Anyone can submit data to the Vana network. However, for data to be considered valid by a DLP, it must be attested for by a trusted party. These trusted parties issue an attestation about the data to prove that it is, in fact, authentic, high-quality, unique, and has whatever other properties DLPs value in its data contributions.
Data attestations live mostly offchain, and a URL to a data's attestation is written onchain alongside the data itself.
The attestation of a data point must follow a spec. Attestations show relevant information about how the data was evaluated, proof-of-contribution scores, integrity checksums, and custom metadata relevant to a specific DLP.

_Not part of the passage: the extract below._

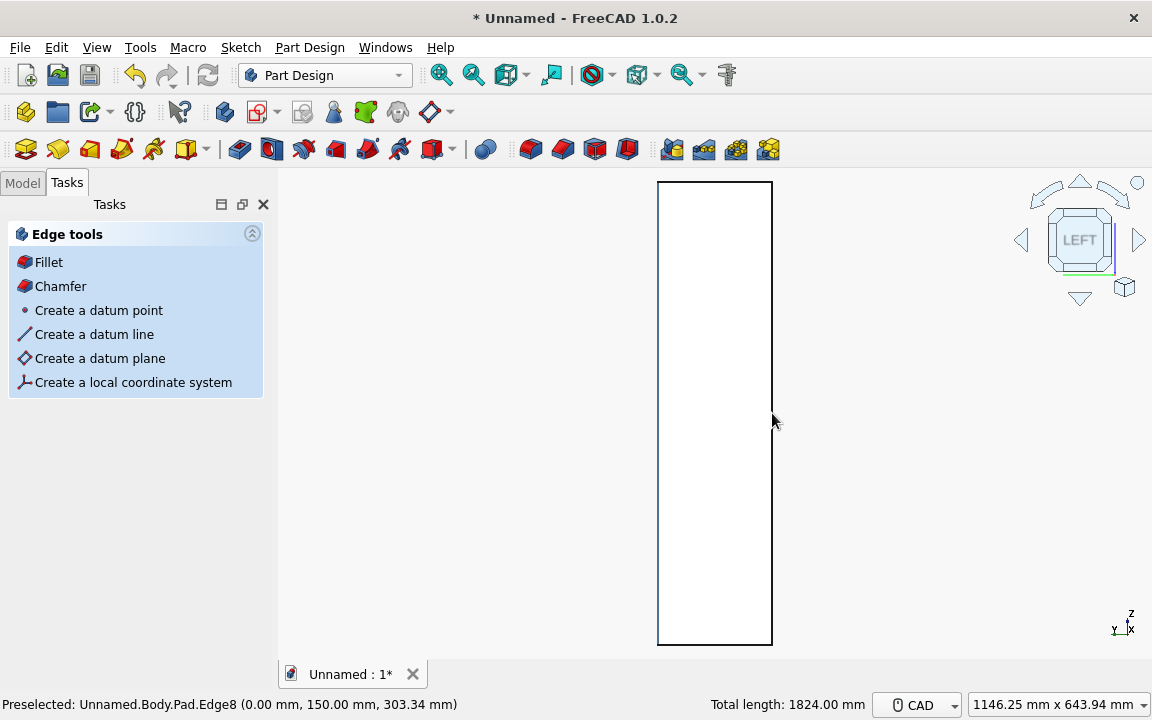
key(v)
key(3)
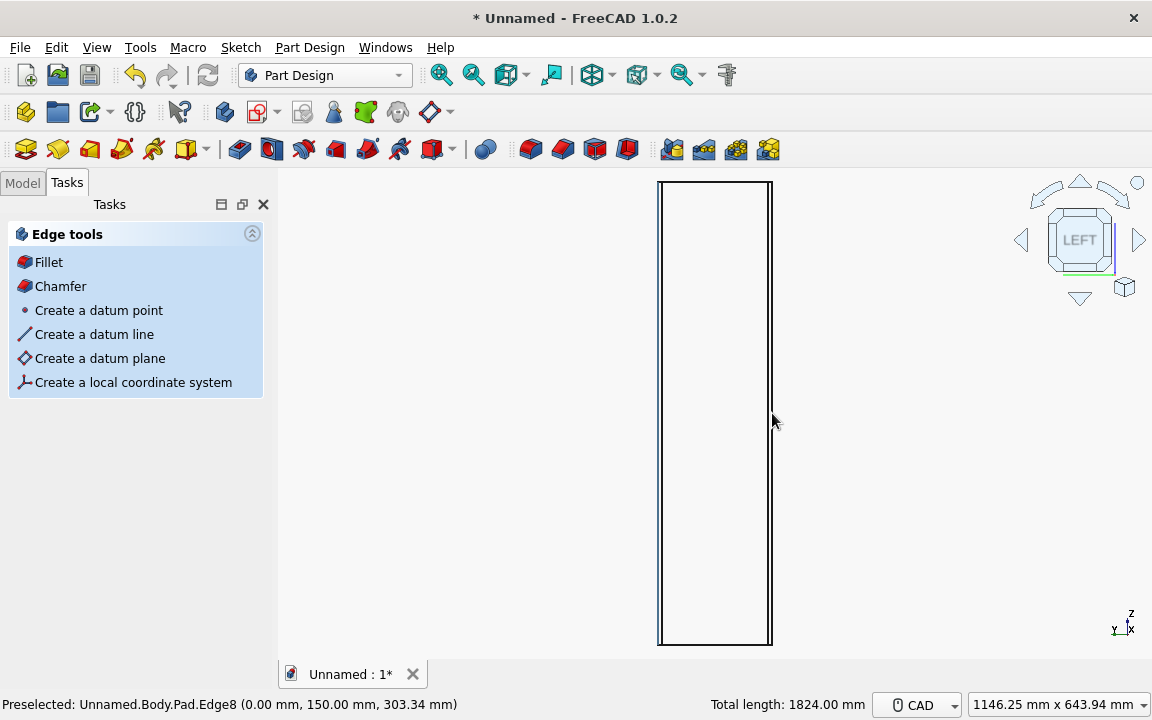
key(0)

An example of when this would be useful: consider a ChatGPT DLP that accepts GDPR exports from chatgpt.com. Say the DLP considers the export to be high quality when the number of conversations in the export exceeds 10. This DLP can insert numberOfConversations: xxx
in the attestation when Proof of Contribution is run, and anyone can see how valuable that encrypted data point is.
signed_fields
Contains the main data fields that are signed by the prover.
subject
Information about the datapoint being attested for.
url
URL where the encrypted file lives.
file_id
The ID of the file, given by the Data Registry
owner_address
Wallet address of the file owner.
decrypted_file_checksum
Checksum of the decrypted file for integrity verification.
encrypted_file_checksum
Checksum of the encrypted file for integrity verification.
encryption_seed
The message that was signed by the owner to retrieve the encryption key.
prover
Information about the prover.
type
Type of the prover, satya
is one of the confidential TEE nodes in the Satya network. Proofs can also be self-signed
where the data owner generates the proof.
address
Wallet address of the prover.
url
URL or address where the prover service is hosted.
proof
Details about the generated proof.
image_url
Docker image URL of where the instructions to generate the proof is downloaded from
created_at
Timestamp of when the proof was created.
duration
Duration of the proof generation process, in seconds.
dlp_id
DLP ID from the Root Network Contract, this is used to tie the proof to a DLP.
valid
Boolean indicating if the subject is valid.
score*
Overall score of the subject, from 0-1.
authenticity
Authenticity score of the subject, from 0-1.
ownership
Ownership score of the subject, from 0-1.
quality
Quality score of the subject, from 0-1.
uniqueness
Uniqueness score of the subject, from 0-1.
attributes
Additional key/value pairs that will be available on the public proof. These can be used to quickly view properties about the encrypted subject.
metadata*
Key/value metadata about the proof that is written onchain.
signature
Generated by the prover signing a stringified representation of signed_fields
, sorted by the key name. To verify it, we can take the signature and the stringified representation, and extract the address that signed it, which should match the prover.address
.
* The score
and metadata
fields are written onchain, and a DLP can use these fields to calculate how many DLP-specific tokens should be issued as a reward to the data contributor for their contribution.